Your assignment: The following data is to be repeated exactly, its pictures excluded.
Data excerpts: Begin
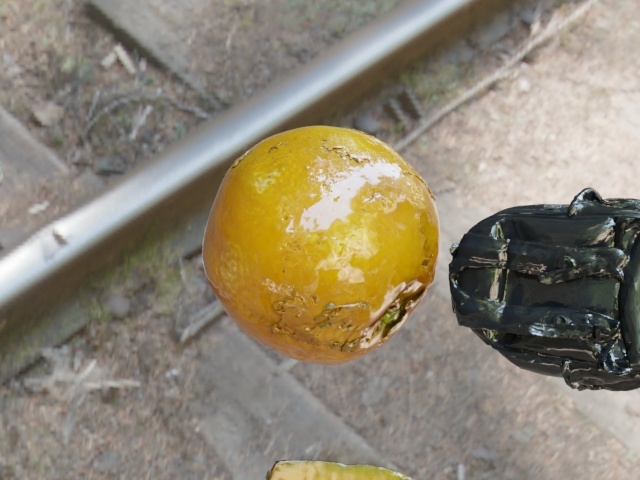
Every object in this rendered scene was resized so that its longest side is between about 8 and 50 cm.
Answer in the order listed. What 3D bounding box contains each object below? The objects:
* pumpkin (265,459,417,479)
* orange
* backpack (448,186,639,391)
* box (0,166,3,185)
[{"bbox_3d":[-0.014,0.298,0.822,0.139,0.280,0.190,16,43,4],"label":"pumpkin"},{"bbox_3d":[0.000,0.000,1.251,0.246,0.246,0.246,7,53,-10],"label":"orange"},{"bbox_3d":[0.255,0.048,1.225,0.258,0.133,0.206,5,92,25],"label":"backpack"},{"bbox_3d":[-0.347,-0.041,0.882,0.210,0.129,0.148,-25,103,7],"label":"box"}]
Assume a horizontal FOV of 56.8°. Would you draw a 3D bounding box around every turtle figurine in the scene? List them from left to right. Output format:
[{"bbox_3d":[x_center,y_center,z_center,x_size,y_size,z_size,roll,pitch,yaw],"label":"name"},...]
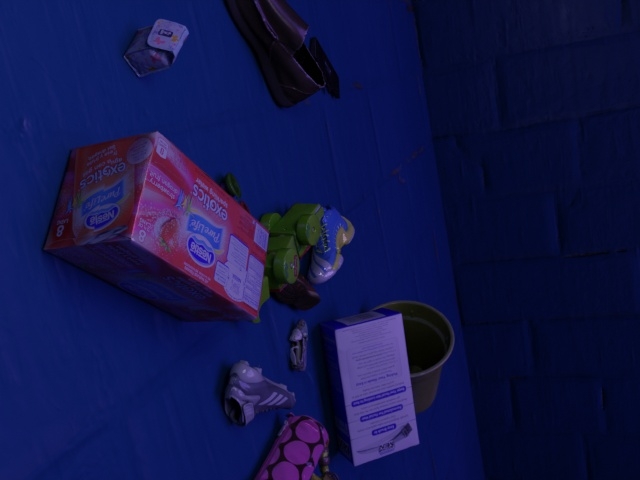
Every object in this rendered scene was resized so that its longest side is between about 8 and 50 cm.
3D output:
[{"bbox_3d":[0.000,0.547,1.255,0.217,0.087,0.270,38,50,-60],"label":"turtle figurine"}]

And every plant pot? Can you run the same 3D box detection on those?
[{"bbox_3d":[0.243,0.359,1.709,0.276,0.276,0.254,-69,158,-47],"label":"plant pot"}]

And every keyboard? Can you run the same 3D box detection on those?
[{"bbox_3d":[0.013,-0.461,1.625,0.180,0.023,0.108,45,38,-55],"label":"keyboard"}]

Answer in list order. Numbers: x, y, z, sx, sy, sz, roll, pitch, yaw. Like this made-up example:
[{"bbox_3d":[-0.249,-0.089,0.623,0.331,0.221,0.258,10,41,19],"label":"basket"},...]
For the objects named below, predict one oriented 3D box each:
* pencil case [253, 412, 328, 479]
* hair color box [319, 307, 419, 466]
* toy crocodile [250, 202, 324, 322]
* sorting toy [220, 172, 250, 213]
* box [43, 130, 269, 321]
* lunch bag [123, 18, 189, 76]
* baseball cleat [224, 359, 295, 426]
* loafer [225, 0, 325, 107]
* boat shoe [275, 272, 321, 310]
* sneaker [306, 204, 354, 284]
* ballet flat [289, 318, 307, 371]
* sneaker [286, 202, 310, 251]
[{"bbox_3d":[-0.066,0.430,1.126,0.098,0.095,0.209,50,33,-9],"label":"pencil case"},{"bbox_3d":[0.120,0.352,1.453,0.110,0.185,0.339,-178,-102,-68],"label":"hair color box"},{"bbox_3d":[-0.078,0.026,1.170,0.340,0.115,0.105,-60,144,-52],"label":"toy crocodile"},{"bbox_3d":[-0.166,-0.070,1.088,0.061,0.042,0.102,-63,131,-77],"label":"sorting toy"},{"bbox_3d":[-0.207,0.000,0.827,0.300,0.142,0.154,45,44,-56],"label":"box"},{"bbox_3d":[-0.243,-0.293,0.889,0.053,0.083,0.071,59,34,-46],"label":"lunch bag"},{"bbox_3d":[-0.118,0.295,1.086,0.206,0.072,0.110,49,54,-47],"label":"baseball cleat"},{"bbox_3d":[-0.084,-0.456,1.250,0.366,0.130,0.134,61,32,-43],"label":"loafer"},{"bbox_3d":[-0.059,0.100,1.275,0.060,0.064,0.178,61,9,29],"label":"boat shoe"},{"bbox_3d":[0.000,0.000,1.426,0.126,0.091,0.240,54,33,-19],"label":"sneaker"},{"bbox_3d":[-0.049,0.226,1.285,0.041,0.041,0.114,30,56,-63],"label":"ballet flat"},{"bbox_3d":[-0.049,-0.022,1.338,0.067,0.042,0.119,30,64,-58],"label":"sneaker"}]
Data excerpts: End
Written solution:
Every object in this rendered scene was resized so that its longest side is between about 8 and 50 cm.
Answer in the order listed. What 3D bounding box contains each object below? The objects:
* pumpkin (265,459,417,479)
* orange
* backpack (448,186,639,391)
* box (0,166,3,185)
[{"bbox_3d":[-0.014,0.298,0.822,0.139,0.280,0.190,16,43,4],"label":"pumpkin"},{"bbox_3d":[0.000,0.000,1.251,0.246,0.246,0.246,7,53,-10],"label":"orange"},{"bbox_3d":[0.255,0.048,1.225,0.258,0.133,0.206,5,92,25],"label":"backpack"},{"bbox_3d":[-0.347,-0.041,0.882,0.210,0.129,0.148,-25,103,7],"label":"box"}]
Assume a horizontal FOV of 56.8°. Would you draw a 3D bounding box around every turtle figurine in the scene? List them from left to right. Output format:
[{"bbox_3d":[x_center,y_center,z_center,x_size,y_size,z_size,roll,pitch,yaw],"label":"name"},...]
Every object in this rendered scene was resized so that its longest side is between about 8 and 50 cm.
3D output:
[{"bbox_3d":[0.000,0.547,1.255,0.217,0.087,0.270,38,50,-60],"label":"turtle figurine"}]

And every plant pot? Can you run the same 3D box detection on those?
[{"bbox_3d":[0.243,0.359,1.709,0.276,0.276,0.254,-69,158,-47],"label":"plant pot"}]

And every keyboard? Can you run the same 3D box detection on those?
[{"bbox_3d":[0.013,-0.461,1.625,0.180,0.023,0.108,45,38,-55],"label":"keyboard"}]

Answer in list order. Numbers: x, y, z, sx, sy, sz, roll, pitch, yaw. Like this made-up example:
[{"bbox_3d":[-0.249,-0.089,0.623,0.331,0.221,0.258,10,41,19],"label":"basket"},...]
For the objects named below, predict one oriented 3D box each:
* pencil case [253, 412, 328, 479]
* hair color box [319, 307, 419, 466]
* toy crocodile [250, 202, 324, 322]
* sorting toy [220, 172, 250, 213]
* box [43, 130, 269, 321]
* lunch bag [123, 18, 189, 76]
* baseball cleat [224, 359, 295, 426]
* loafer [225, 0, 325, 107]
* boat shoe [275, 272, 321, 310]
* sneaker [306, 204, 354, 284]
* ballet flat [289, 318, 307, 371]
* sneaker [286, 202, 310, 251]
[{"bbox_3d":[-0.066,0.430,1.126,0.098,0.095,0.209,50,33,-9],"label":"pencil case"},{"bbox_3d":[0.120,0.352,1.453,0.110,0.185,0.339,-178,-102,-68],"label":"hair color box"},{"bbox_3d":[-0.078,0.026,1.170,0.340,0.115,0.105,-60,144,-52],"label":"toy crocodile"},{"bbox_3d":[-0.166,-0.070,1.088,0.061,0.042,0.102,-63,131,-77],"label":"sorting toy"},{"bbox_3d":[-0.207,0.000,0.827,0.300,0.142,0.154,45,44,-56],"label":"box"},{"bbox_3d":[-0.243,-0.293,0.889,0.053,0.083,0.071,59,34,-46],"label":"lunch bag"},{"bbox_3d":[-0.118,0.295,1.086,0.206,0.072,0.110,49,54,-47],"label":"baseball cleat"},{"bbox_3d":[-0.084,-0.456,1.250,0.366,0.130,0.134,61,32,-43],"label":"loafer"},{"bbox_3d":[-0.059,0.100,1.275,0.060,0.064,0.178,61,9,29],"label":"boat shoe"},{"bbox_3d":[0.000,0.000,1.426,0.126,0.091,0.240,54,33,-19],"label":"sneaker"},{"bbox_3d":[-0.049,0.226,1.285,0.041,0.041,0.114,30,56,-63],"label":"ballet flat"},{"bbox_3d":[-0.049,-0.022,1.338,0.067,0.042,0.119,30,64,-58],"label":"sneaker"}]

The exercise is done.